* [PROBLEM REQUIREMENTS]
The data below holds a line containing "text hit_set_grade_decay_rate [118, 219, 1157, 248]" and a line containing "text hit_set_search_last_n [118, 319, 1157, 348]"; please quote exactly those two lines and every line between them, and nothing else.

* [DATA EXCERPTS]
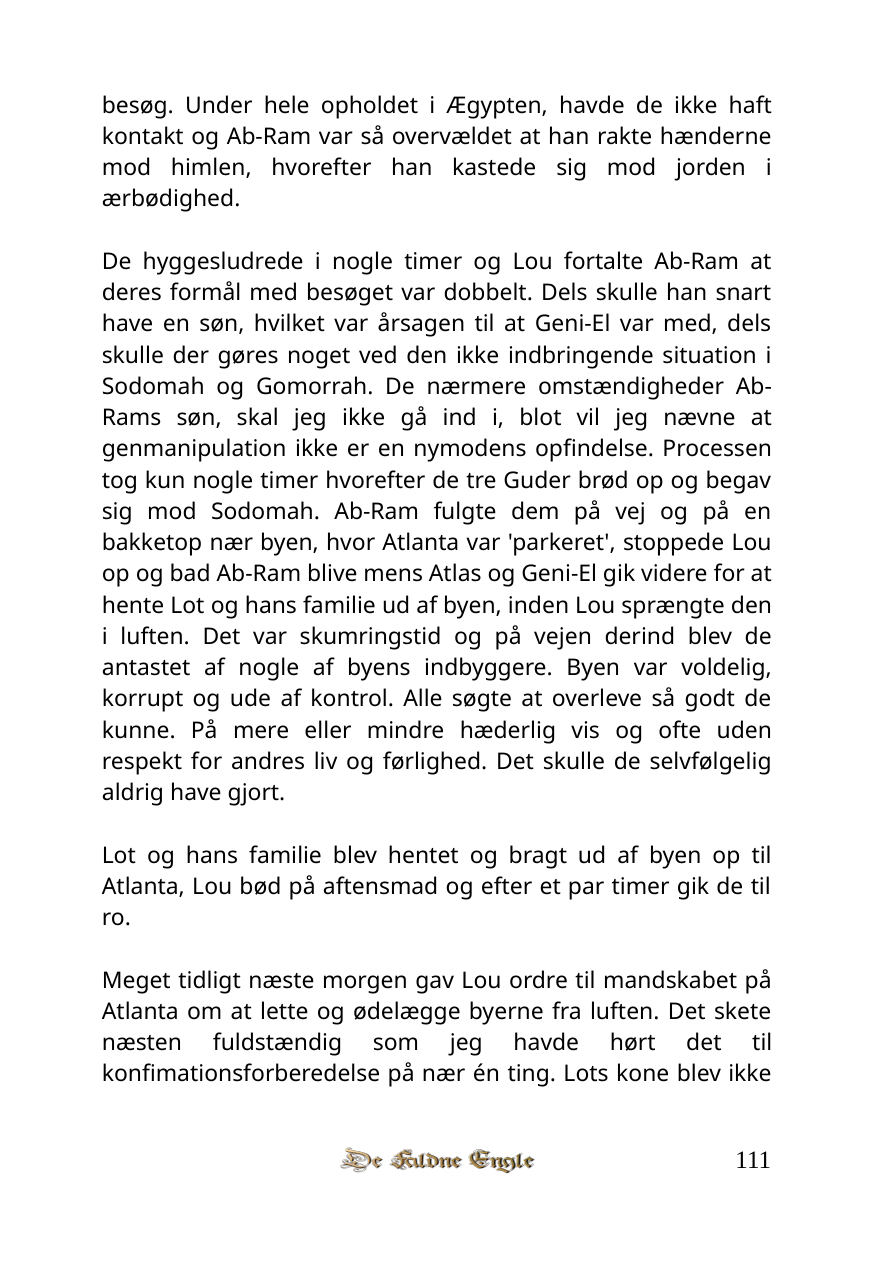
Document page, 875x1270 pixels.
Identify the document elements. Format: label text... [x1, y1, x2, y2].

text Meget tidligt næste morgen gav Lou ordre til mandskabet på Atlanta om at lette og ødelægge byerne fra luften. Det skete næsten fuldstændig som jeg havde hørt det til konfimationsforberedelse på nær én ting. Lots kone blev ikke [102, 963, 772, 1088]
text De hyggesludrede i nogle timer og Lou fortalte Ab-Ram at deres formål med besøget var dobbelt. Dels skulle han snart have en søn, hvilket var årsagen til at Geni-El var med, dels skulle der gøres noget ved den ikke indbringende situation i Sodomah og Gomorrah. De nærmere omstændigheder Ab-Rams søn, skal jeg ikke gå ind i, blot vil jeg nævne at genmanipulation ikke er en nymodens opfindelse. Processen tog kun nogle timer hvorefter de tre Guder brød op og begav sig mod Sodomah. Ab-Ram fulgte dem på vej og på en bakketop nær byen, hvor Atlanta var 'parkeret', stoppede Lou op og bad Ab-Ram blive mens Atlas og Geni-El gik videre for at hente Lot og hans familie ud af byen, inden Lou sprængte den i luften. Det var skumringstid og på vejen derind blev de antastet af nogle af byens indbyggere. Byen var voldelig, korrupt og ude af kontrol. Alle søgte at overleve så godt de kunne. På mere eller mindre hæderlig vis og ofte uden respekt for andres liv og førlighed. Det skulle de selvfølgelig aldrig have gjort. [102, 245, 772, 807]
text Lot og hans familie blev hentet og bragt ud af byen op til Atlanta, Lou bød på aftensmad og efter et par timer gik de til ro. [102, 838, 772, 932]
picture [337, 1145, 537, 1175]
text besøg. Under hele opholdet i Ægypten, havde de ikke haft kontakt og Ab-Ram var så overvældet at han rakte hænderne mod himlen, hvorefter han kastede sig mod jorden i ærbødighed. [102, 88, 772, 213]
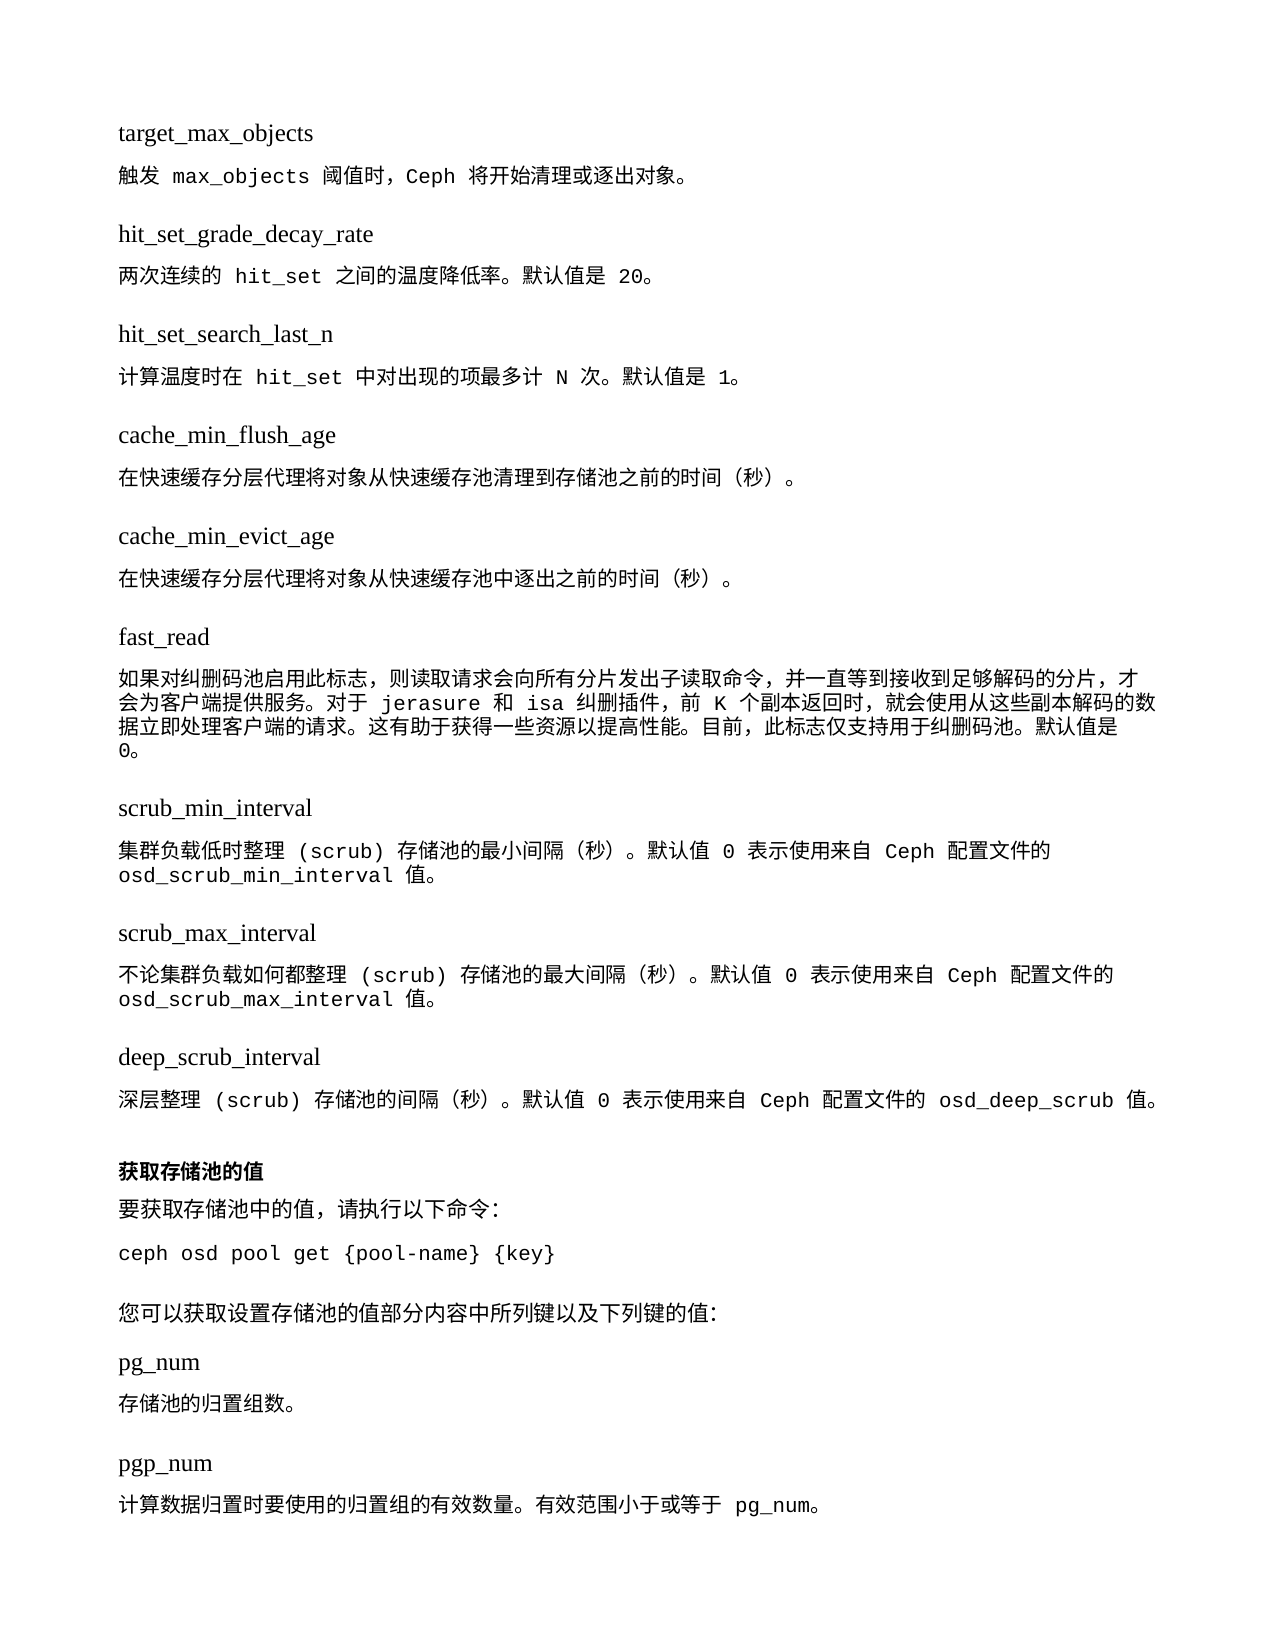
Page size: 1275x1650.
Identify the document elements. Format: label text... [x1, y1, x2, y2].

text 集群负载低时整理 (scrub) 存储池的最小间隔（秒）。默认值 0 表示使用来自 Ceph 配置文件的 osd_scrub_min_interval 值。 [118, 841, 1157, 888]
text 在快速缓存分层代理将对象从快速缓存池清理到存储池之前的时间（秒）。 [118, 468, 1157, 492]
text pgp_num [118, 1448, 1157, 1476]
text cache_min_evict_age [118, 521, 1157, 550]
text target_max_objects [118, 118, 1157, 147]
text 触发 max_objects 阈值时，Ceph 将开始清理或逐出对象。 [118, 166, 1157, 189]
text fast_read [118, 622, 1157, 651]
text pg_num [118, 1347, 1157, 1376]
text cache_min_flush_age [118, 420, 1157, 449]
text 计算数据归置时要使用的归置组的有效数量。有效范围小于或等于 pg_num。 [118, 1495, 1157, 1519]
text 深层整理 (scrub) 存储池的间隔（秒）。默认值 0 表示使用来自 Ceph 配置文件的 osd_deep_scrub 值。 [118, 1090, 1157, 1113]
text 不论集群负载如何都整理 (scrub) 存储池的最大间隔（秒）。默认值 0 表示使用来自 Ceph 配置文件的 osd_scrub_max_interval 值。 [118, 965, 1157, 1013]
text scrub_max_interval [118, 918, 1157, 947]
text ceph osd pool get {pool-name} {key} [118, 1243, 1157, 1266]
text 计算温度时在 hit_set 中对出现的项最多计 N 次。默认值是 1。 [118, 367, 1157, 391]
text scrub_min_interval [118, 793, 1157, 822]
text 两次连续的 hit_set 之间的温度降低率。默认值是 20。 [118, 266, 1157, 290]
text hit_set_grade_decay_rate [118, 219, 1157, 248]
text hit_set_search_last_n [118, 319, 1157, 348]
text 如果对纠删码池启用此标志，则读取请求会向所有分片发出子读取命令，并一直等到接收到足够解码的分片，才会为客户端提供服务。对于 jerasure 和 isa 纠删插件，前 K 个副本返回时，就会使用从这些副本解码的数据立即处理客户端的请求。这有助于获得一些资源以提高性能。目前，此标志仅支持用于纠删码池。默认值是 0。 [118, 669, 1157, 764]
text 要获取存储池中的值，请执行以下命令： [118, 1192, 1157, 1223]
subtitle 获取存储池的值 [118, 1155, 1157, 1186]
text 您可以获取设置存储池的值部分内容中所列键以及下列键的值： [118, 1296, 1157, 1328]
text deep_scrub_interval [118, 1042, 1157, 1071]
text 在快速缓存分层代理将对象从快速缓存池中逐出之前的时间（秒）。 [118, 569, 1157, 592]
text 存储池的归置组数。 [118, 1394, 1157, 1418]

* [TASK RESULT]
text hit_set_grade_decay_rate [118, 219, 1157, 248]
text hit_set_search_last_n [118, 319, 1157, 348]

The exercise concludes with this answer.